A Sermon from the Episcopal Parish of
St. John the Evangelist in Hingham, Massachusetts
Preached by the Rev. Timothy E. Schenck on February 18, 2015 (Ash Wednesday)
The evening of my very first Ash Wednesday as a priest, as I was driving back from Old St. Paul’s in downtown Baltimore to our little red brick rowhouse on Keswick Road, I remember having one predominant thought. It had been a long day with four very well attended services including a huge one at St. Paul’s School for Girls, a private school the parish had founded a few generations ago. Ash Wednesday is always a full day at major downtown churches as office workers come streaming in for services throughout the day.
At first my one thought didn’t seem particularly profound or theological in nature. It wasn’t a reflection on repentance or the sinful nature of humanity. My thought was this: “I have never in my life physically touched so many people in a single day.” And I probably still haven’t.
I think Ash Wednesday, even with lots of snow on the ground and in the middle of school vacation week, is still the one day in the year that I touch the most number of people. I’m not generally such a touchy feely kind of guy.
“Remember that you are dust and to dust you shall return,” the priest says as the sign of the cross is traced with a thumb dipped in ashes. At some level it’s odd that the one day in the year that clergy physically touch the most people, the message to them is that they will one day die. That was also part of my thought process after that first Ash Wednesday. That I had just told a whole bunch of people, including hundreds of young students, that they would die and that their bodies would return to the dust from whence it came.
But the thing about the Christian faith is that you can’t talk about death without also, literally in the same breath, talking about Resurrection. Ashes aren’t just flung at you. They are very intentionally made into the sign of the cross. The cross, that implement of torture and death that has been transformed by Jesus into an instrument of Resurrection and life.

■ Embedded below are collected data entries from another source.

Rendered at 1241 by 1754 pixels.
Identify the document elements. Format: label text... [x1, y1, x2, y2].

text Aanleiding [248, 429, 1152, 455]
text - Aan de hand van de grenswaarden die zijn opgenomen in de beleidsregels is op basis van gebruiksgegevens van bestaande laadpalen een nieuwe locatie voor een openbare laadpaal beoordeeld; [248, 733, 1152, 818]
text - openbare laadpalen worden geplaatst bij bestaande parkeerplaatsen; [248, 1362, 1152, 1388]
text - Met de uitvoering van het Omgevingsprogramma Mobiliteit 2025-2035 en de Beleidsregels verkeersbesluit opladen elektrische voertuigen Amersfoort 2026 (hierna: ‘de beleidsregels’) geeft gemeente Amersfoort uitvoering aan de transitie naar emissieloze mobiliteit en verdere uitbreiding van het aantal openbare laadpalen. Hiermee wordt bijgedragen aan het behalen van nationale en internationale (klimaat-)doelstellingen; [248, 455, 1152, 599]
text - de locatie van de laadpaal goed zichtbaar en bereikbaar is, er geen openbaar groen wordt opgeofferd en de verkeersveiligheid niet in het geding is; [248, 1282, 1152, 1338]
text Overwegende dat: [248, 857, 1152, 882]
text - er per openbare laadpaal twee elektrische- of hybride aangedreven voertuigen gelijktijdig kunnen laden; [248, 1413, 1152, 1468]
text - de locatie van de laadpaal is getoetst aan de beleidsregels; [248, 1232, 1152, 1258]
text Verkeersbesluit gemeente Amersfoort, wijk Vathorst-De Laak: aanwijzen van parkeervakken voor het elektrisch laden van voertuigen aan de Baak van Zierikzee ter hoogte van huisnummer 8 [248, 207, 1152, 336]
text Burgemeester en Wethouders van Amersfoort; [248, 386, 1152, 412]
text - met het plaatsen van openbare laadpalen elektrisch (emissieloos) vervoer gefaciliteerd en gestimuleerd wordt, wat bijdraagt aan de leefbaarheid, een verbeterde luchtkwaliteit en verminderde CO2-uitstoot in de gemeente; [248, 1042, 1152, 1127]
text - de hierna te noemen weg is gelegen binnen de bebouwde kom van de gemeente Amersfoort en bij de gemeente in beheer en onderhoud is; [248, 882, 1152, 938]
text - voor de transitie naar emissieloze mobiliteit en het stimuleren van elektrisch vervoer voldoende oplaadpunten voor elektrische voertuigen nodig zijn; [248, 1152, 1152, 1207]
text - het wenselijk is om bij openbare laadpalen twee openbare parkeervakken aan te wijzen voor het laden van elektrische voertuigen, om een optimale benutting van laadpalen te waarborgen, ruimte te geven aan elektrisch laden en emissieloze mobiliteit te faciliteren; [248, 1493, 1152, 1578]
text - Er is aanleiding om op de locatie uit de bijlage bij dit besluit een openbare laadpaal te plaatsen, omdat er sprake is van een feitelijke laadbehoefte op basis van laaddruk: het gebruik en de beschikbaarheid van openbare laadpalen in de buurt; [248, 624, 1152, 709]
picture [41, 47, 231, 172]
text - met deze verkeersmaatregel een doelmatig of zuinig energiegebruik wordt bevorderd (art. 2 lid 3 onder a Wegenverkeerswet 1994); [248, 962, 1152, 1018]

And Ash Wednesday is not the only time in your life when you have a cross traced upon your forehead. At your baptism the sign of the cross was also made as you were “sealed by the Holy Spirit in baptism and marked as Christ’s own forever.” Indelibly marked as Christ’s own. Not temporarily or for a limited time only but irrevocably and forever.

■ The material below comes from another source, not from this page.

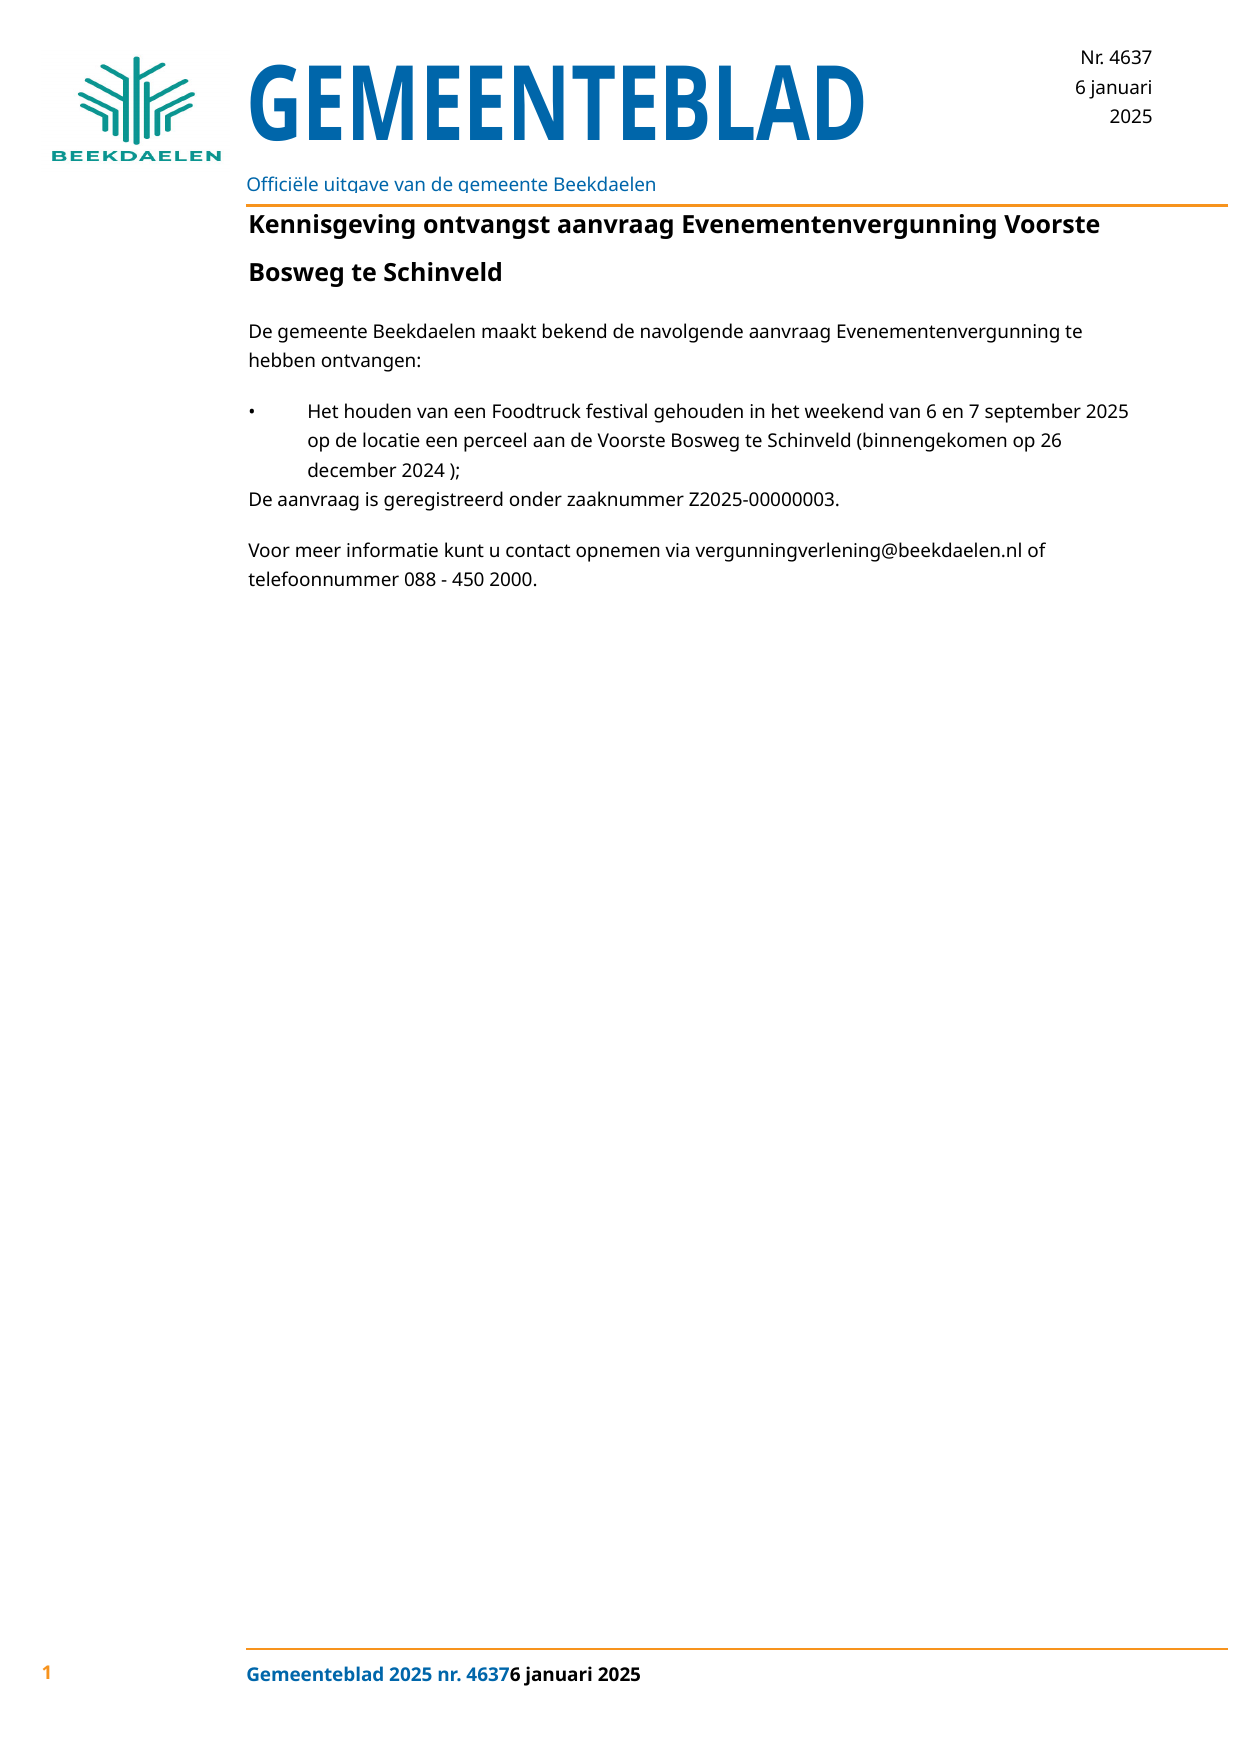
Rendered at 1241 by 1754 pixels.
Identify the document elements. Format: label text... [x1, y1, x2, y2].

But this day reminds us of the stark reality of our lives — that we will die. A time will come in the not too distant future when we will no longer be living, breathing partakers of this mortal life. We are all marked for death. And as much as we seek to deny it the rest of the year, on Ash Wednesday we cannot deny death — that message is literally in and on our faces as we come face-to-face with the fleeting nature of humanity. “Remember that you are dust and to dust you shall return.”
The good news is that even on Ash Wednesday there is hope. The ashes are the start of our Lenten journey, but not its end. Because even as we begin this Lenten season there is hope. Through the promise of Christ’s resurrection, we will indeed rise out of the ashes. We will rise out of the ashes of Ash Wednesday and be drawn into the glorious light of Easter.
But not yet. Because in order to rise, we must first die. Just as at baptism we die to the old life of sin and death, before we experience the joy of Resurrection, we walk this Lenten path. We strip away all the clutter of our lives and return to the basics of our relationship with Jesus. It’s not easy, of course. It takes the hard work of self-examination leading to true repentance and amendment of life. But Ash Wednesday is the window into the season of Lent; a season that is not all doom and gloom but rather a wilderness experience of relationship with the living God who invites us into an ever-deepening encounter.
And so the ashes, this very tangible and visceral evidence of our own mortality, draw us into the impending death of Jesus Christ. But through these ashes we are also drawn into the impending resurrection of Jesus Christ. Ashes to ashes, dust to dust, new life to new life. It’s all part of our inheritance as people of faith. These ashes mark us for death but they also mark us for resurrection. We are marked for death, yes, but also for new life in the risen Christ.
And it all begins with a physical touch. An incarnational moment that stands as an outward and visible sign of Jesus’ love for you. A love that transcends everything even, and most especially, death.